PL 2903 é inconstitucional

O Marco Temporal é uma tese política patrocinada pelo Agronegócio. Os ruralistas pretendem mudar o rumo da história dos povos indígenas e agravar a crise climática. O STF julgou e decidiu por maioria de 9×2 anular o Marco Temporal.  O resultado do julgamento selou uma importante vitória na luta por direitos dos povos indígenas, travada nas ruas, nos territórios, nas redes e no judiciário durante dois anos. Mas o Senado tenciona uma afronta ao Supremo para atender aos interesses do agronegócio.

A Articulação dos Povos Indígenas do Brasil (APIB) ressalta que as atitudes do Senado e da Câmara dos deputados são resultados da ligação direta de políticos brasileiros à invasão de terras indígenas, como mostra o dossiê “Os invasores” do site jornalístico “De olho nos ruralistas”. De acordo com o estudo, representantes do Congresso Nacional e do Executivo, possuem cerca de 96 mil hectares de terras sobrepostas às terras indígenas. Além disso, muitos deles foram financiados por fazendeiros invasores de Terras Indígenas, que doaram R$ 3,6 milhões para campanha eleitoral de ruralistas. Esse grupo de invasores bancou 29 campanhas políticas em 2022, totalizando R$ 5.313.843,44. Desse total, R$ 1.163.385,00 foi destinado ao candidato derrotado, Jair Bolsonaro (PL).
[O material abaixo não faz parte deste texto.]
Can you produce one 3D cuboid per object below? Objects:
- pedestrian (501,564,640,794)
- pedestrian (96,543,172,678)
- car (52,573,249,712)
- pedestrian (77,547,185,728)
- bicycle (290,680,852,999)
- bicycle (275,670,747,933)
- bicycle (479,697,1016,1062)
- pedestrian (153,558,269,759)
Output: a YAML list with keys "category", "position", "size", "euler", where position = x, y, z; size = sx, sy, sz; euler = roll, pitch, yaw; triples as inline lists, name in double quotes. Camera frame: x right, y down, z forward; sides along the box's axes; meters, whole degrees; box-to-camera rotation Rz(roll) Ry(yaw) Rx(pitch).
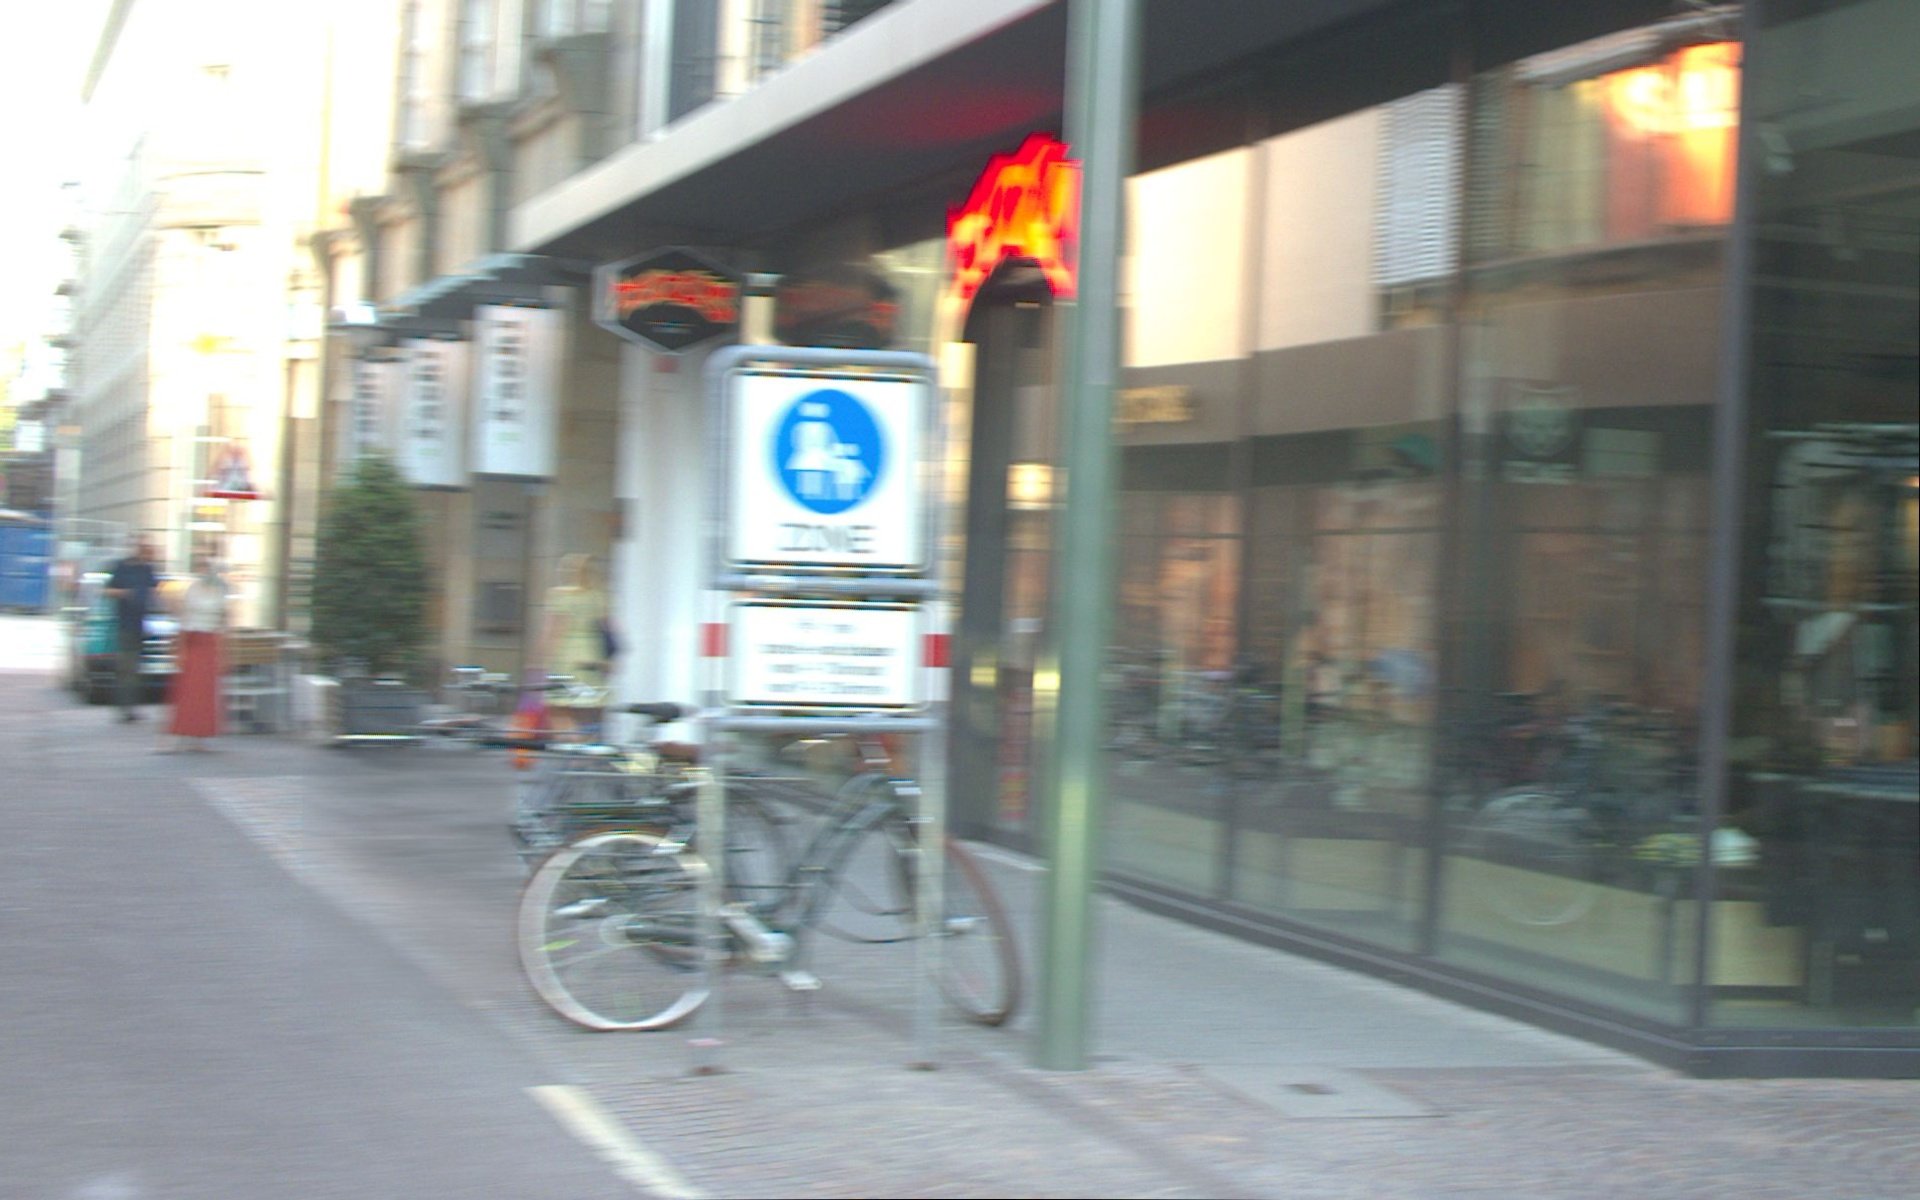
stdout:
- category: "pedestrian"
  position: [-2.738, 0.545, 24.107]
  size: [0.797, 1.560, 0.859]
  euler: [2, 0, -14]
- category: "pedestrian"
  position: [-11.615, 0.146, 48.335]
  size: [0.904, 1.853, 0.836]
  euler: [2, 0, -18]
- category: "car"
  position: [-9.216, 0.452, 38.939]
  size: [1.753, 1.436, 3.929]
  euler: [2, 0, -19]
- category: "pedestrian"
  position: [-7.805, 0.345, 32.346]
  size: [0.899, 1.655, 0.930]
  euler: [2, 0, -15]
- category: "bicycle"
  position: [-1.436, 0.865, 12.734]
  size: [2.009, 1.117, 0.467]
  euler: [0, 1, -17]
- category: "bicycle"
  position: [-2.003, 0.881, 15.363]
  size: [2.033, 1.117, 0.467]
  euler: [0, 1, -17]
- category: "bicycle"
  position: [-0.701, 0.897, 11.346]
  size: [1.696, 1.132, 0.467]
  euler: [0, 1, -17]
- category: "pedestrian"
  position: [-6.011, 0.459, 27.575]
  size: [0.797, 1.560, 0.859]
  euler: [2, 0, -16]

Além disso, após a derrubada do marco temporal no STF, o senador Dr.Hiran (PP-RR) protocolou, no dia 21 de setembro, uma proposta de emenda à Constituição (PEC) que pede a instituição do marco temporal. Nomeada como PEC 048/2023, a emenda quer alterar a Constituição Federal de 1988 que prevê o direito originário dos povos indígenas sobre terras tradicionalmente ocupadas.

O projeto de lei do genocídio foi apresentado pelo deputado Homero Pereira do PR de Mato Grosso, no dia 20 de março de 2007. A proposta inicialmente recebeu o número de PL 490/2007. A Câmara dos Deputados aprovou o PL 490, no dia 30 de maio de 2023. A proposta seguiu para o Senado e recebeu novo número: PL 2903.

No mesmo dia em que o STF finalizou o julgamento do Marco Temporal, 27 de setembro, o Senado aprovou o projeto de forma atropelada. A votação foi marcada por mentiras da bancada do Agronegócio e pelo descumprimento da promessa do presidente do Senado Rodrigo Pacheco de não pautar o projeto antes da conclusão do julgamento no Supremo Tribunal Federal (STF), sabendo que se tratava da mesma tese.

 Por que Lula precisa vetar TODO o projeto?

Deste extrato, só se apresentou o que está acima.